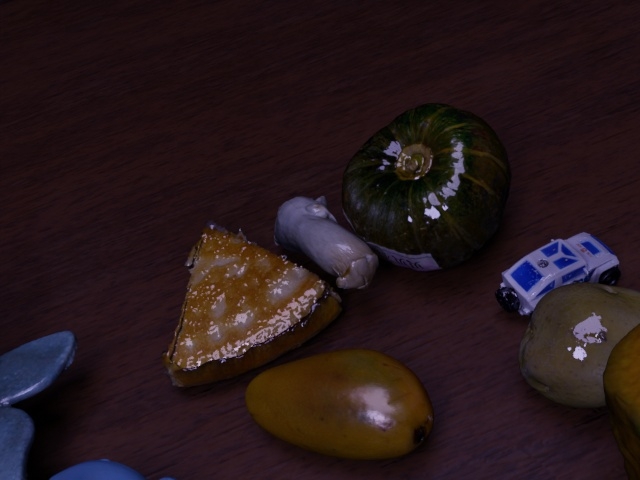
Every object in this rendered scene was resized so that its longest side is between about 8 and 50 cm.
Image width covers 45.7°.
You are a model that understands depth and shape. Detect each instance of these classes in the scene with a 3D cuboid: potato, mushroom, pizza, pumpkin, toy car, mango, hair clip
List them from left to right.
[{"bbox_3d":[-0.528,0.183,0.971,0.392,0.238,0.318,-17,32,30],"label":"hair clip"},{"bbox_3d":[-0.141,0.103,1.109,0.251,0.074,0.288,-41,47,-23],"label":"pizza"},{"bbox_3d":[-0.002,-0.002,1.126,0.099,0.096,0.278,-36,27,-9],"label":"mushroom"},{"bbox_3d":[0.020,0.197,0.939,0.253,0.113,0.138,1,50,28],"label":"mango"},{"bbox_3d":[0.165,-0.073,1.124,0.260,0.189,0.260,-17,55,27],"label":"pumpkin"},{"bbox_3d":[0.316,0.046,1.026,0.171,0.070,0.080,-25,45,-9],"label":"toy car"},{"bbox_3d":[0.339,0.129,0.897,0.194,0.157,0.157,13,50,11],"label":"potato"}]

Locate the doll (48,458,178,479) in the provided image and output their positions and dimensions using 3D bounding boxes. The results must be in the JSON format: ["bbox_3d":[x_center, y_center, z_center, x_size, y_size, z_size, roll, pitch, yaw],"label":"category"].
[{"bbox_3d":[-0.289,0.362,0.849,0.314,0.141,0.177,-33,77,-1],"label":"doll"}]

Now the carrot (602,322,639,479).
[{"bbox_3d":[0.399,0.166,0.713,0.242,0.340,0.241,-15,26,8],"label":"carrot"}]
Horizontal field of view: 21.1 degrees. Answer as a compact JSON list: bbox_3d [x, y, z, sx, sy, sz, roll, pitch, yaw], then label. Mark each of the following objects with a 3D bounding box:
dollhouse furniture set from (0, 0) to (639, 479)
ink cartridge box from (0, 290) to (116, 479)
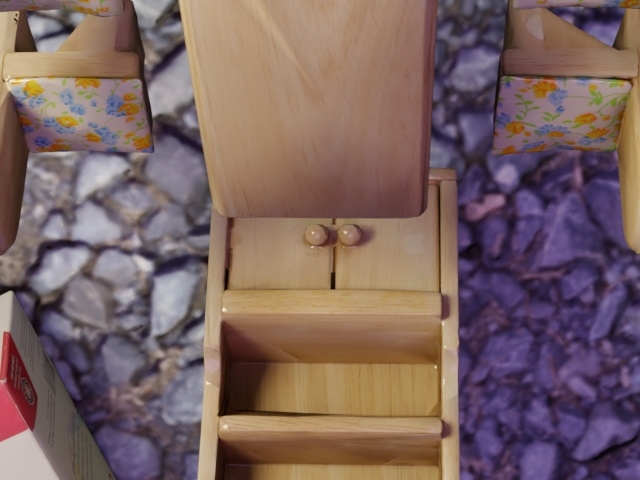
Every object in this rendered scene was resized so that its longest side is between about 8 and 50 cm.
[{"bbox_3d":[0.000,0.000,0.910,0.362,0.256,0.394,0,151,2],"label":"dollhouse furniture set"},{"bbox_3d":[-0.220,0.153,1.125,0.127,0.128,0.176,-24,115,3],"label":"ink cartridge box"}]
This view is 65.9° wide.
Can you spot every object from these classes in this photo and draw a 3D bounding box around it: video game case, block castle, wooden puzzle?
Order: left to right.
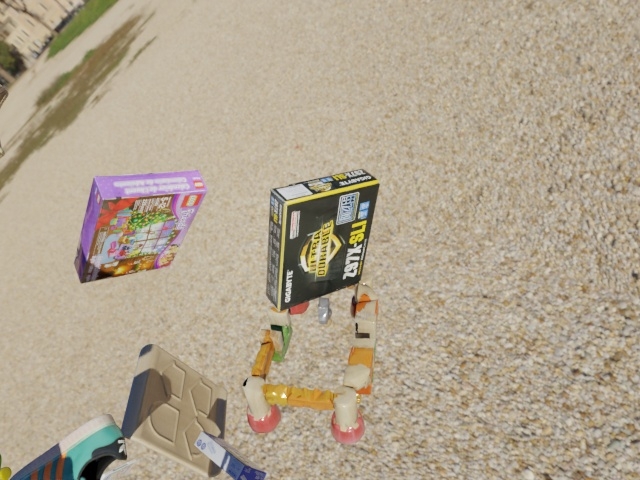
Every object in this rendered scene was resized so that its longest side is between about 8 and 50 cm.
[{"bbox_3d":[-0.657,0.747,1.577,0.011,0.122,0.087,48,112,20],"label":"video game case"},{"bbox_3d":[-0.445,0.529,1.525,0.080,0.348,0.322,-35,34,20],"label":"wooden puzzle"},{"bbox_3d":[-0.004,0.290,1.314,0.302,0.213,0.453,3,43,11],"label":"block castle"}]

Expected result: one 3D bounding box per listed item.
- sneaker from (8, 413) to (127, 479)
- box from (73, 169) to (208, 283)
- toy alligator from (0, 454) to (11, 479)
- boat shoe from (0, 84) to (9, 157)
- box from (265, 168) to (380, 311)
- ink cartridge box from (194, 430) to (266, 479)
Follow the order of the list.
[{"bbox_3d":[-0.564,0.523,1.076,0.302,0.108,0.121,-39,65,-10],"label":"sneaker"},{"bbox_3d":[-0.371,-0.025,1.004,0.293,0.200,0.057,-50,61,44],"label":"box"},{"bbox_3d":[-0.723,0.574,1.099,0.056,0.051,0.190,-14,84,13],"label":"toy alligator"},{"bbox_3d":[-0.671,-0.193,0.970,0.095,0.095,0.258,-16,50,46],"label":"boat shoe"},{"bbox_3d":[0.000,0.000,1.203,0.257,0.322,0.079,-17,43,-30],"label":"box"},{"bbox_3d":[-0.249,0.598,1.353,0.207,0.097,0.046,12,66,45],"label":"ink cartridge box"}]
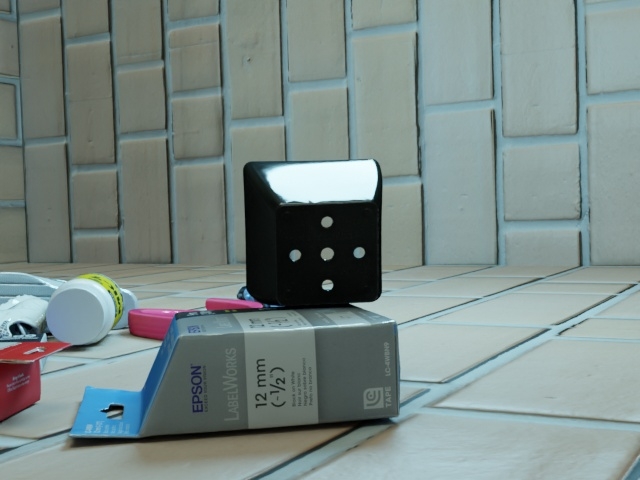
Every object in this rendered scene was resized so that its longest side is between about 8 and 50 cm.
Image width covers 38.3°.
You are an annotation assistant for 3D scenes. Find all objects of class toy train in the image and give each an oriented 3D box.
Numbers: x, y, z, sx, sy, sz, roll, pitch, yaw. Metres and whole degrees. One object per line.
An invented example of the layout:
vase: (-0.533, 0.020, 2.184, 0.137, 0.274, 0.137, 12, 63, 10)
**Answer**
toy train: (-0.118, 0.119, 2.094, 0.105, 0.080, 0.184, -10, 7, -33)

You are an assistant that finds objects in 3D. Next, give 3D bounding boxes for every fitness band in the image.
fitness band: (-0.237, 0.151, 1.745, 0.209, 0.054, 0.290, -8, 5, -43)

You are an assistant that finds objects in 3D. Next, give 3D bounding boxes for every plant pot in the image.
plant pot: (0.000, 0.000, 1.190, 0.188, 0.188, 0.167, -2, 13, -8)

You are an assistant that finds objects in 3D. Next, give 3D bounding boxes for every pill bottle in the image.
pill bottle: (-0.423, 0.124, 1.655, 0.119, 0.119, 0.208, -2, 3, -6)

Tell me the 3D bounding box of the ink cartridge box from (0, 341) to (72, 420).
ink cartridge box: (-0.424, 0.167, 1.087, 0.231, 0.078, 0.134, -2, 3, 7)

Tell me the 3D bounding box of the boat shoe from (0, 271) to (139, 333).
boat shoe: (-0.533, 0.135, 1.817, 0.335, 0.121, 0.119, 9, -10, -23)

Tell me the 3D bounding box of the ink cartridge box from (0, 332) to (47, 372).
ink cartridge box: (-0.527, 0.175, 1.411, 0.206, 0.045, 0.208, -3, 1, -13)

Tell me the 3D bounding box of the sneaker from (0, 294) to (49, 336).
sneaker: (-0.531, 0.155, 1.634, 0.094, 0.090, 0.235, 12, 9, 13)

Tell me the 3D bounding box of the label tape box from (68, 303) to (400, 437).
label tape box: (-0.105, 0.141, 1.069, 0.347, 0.115, 0.249, -1, 1, -10)

■ Task statement ■
Give back exactly the lines above starting at the line where "Expected result: one" appears and ending at the line where "- ink cartridge" appears, both included, with no other lines.

■ Your response ■
Expected result: one 3D bounding box per listed item.
- sneaker from (8, 413) to (127, 479)
- box from (73, 169) to (208, 283)
- toy alligator from (0, 454) to (11, 479)
- boat shoe from (0, 84) to (9, 157)
- box from (265, 168) to (380, 311)
- ink cartridge box from (194, 430) to (266, 479)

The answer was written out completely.